**Information given**
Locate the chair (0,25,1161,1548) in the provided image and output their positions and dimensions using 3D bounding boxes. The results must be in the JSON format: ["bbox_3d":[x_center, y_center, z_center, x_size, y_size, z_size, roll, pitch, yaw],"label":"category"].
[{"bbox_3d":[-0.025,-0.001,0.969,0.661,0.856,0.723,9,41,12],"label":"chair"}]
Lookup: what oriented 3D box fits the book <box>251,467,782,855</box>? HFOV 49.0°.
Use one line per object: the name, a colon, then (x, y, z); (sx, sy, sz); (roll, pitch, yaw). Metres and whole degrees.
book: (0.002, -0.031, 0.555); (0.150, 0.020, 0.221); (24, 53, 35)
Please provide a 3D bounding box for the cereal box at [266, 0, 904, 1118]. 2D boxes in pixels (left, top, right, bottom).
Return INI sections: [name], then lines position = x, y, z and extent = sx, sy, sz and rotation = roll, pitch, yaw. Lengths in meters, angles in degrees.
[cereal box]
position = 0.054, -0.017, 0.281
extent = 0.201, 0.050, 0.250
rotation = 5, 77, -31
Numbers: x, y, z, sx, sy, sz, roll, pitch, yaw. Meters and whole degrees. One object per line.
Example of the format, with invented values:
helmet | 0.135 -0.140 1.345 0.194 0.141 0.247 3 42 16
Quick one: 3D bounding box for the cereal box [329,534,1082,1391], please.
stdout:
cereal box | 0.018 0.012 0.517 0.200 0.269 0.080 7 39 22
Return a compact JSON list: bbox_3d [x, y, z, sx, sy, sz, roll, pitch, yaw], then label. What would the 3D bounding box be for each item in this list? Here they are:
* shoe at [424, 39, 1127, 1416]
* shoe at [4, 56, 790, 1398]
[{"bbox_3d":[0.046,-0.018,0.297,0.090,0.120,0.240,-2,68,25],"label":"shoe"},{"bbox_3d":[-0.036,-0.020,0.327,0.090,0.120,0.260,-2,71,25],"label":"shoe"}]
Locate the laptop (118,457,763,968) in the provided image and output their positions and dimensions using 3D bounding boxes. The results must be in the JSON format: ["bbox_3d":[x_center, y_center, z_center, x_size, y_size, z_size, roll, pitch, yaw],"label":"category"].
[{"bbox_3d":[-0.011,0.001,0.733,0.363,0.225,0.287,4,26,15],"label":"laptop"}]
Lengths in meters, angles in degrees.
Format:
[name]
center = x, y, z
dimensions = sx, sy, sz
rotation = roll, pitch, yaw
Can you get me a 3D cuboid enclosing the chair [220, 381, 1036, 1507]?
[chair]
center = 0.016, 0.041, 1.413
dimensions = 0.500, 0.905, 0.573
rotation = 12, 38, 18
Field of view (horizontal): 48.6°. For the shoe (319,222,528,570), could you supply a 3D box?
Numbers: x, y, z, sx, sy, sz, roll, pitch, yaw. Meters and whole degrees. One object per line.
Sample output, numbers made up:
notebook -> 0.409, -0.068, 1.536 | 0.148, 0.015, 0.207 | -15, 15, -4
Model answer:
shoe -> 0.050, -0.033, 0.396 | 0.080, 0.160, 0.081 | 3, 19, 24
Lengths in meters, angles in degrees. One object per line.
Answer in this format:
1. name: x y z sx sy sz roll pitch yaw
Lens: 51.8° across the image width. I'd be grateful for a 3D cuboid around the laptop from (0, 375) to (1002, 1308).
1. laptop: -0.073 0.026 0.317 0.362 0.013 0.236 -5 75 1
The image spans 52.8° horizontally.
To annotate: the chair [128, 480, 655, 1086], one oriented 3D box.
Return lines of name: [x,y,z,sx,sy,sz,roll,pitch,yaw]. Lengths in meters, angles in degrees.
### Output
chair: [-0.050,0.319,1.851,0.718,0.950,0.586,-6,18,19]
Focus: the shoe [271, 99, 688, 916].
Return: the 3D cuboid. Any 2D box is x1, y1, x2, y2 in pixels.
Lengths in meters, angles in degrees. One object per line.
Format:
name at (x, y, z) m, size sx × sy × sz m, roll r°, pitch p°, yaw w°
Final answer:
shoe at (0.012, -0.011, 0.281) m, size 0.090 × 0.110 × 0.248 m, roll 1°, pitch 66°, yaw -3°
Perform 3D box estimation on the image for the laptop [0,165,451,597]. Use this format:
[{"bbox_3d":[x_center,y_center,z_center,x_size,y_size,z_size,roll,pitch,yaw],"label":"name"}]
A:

**Work to complete**
Please say how many lines in the records contain the word "oriented", and give only that number.

**Solution below**
2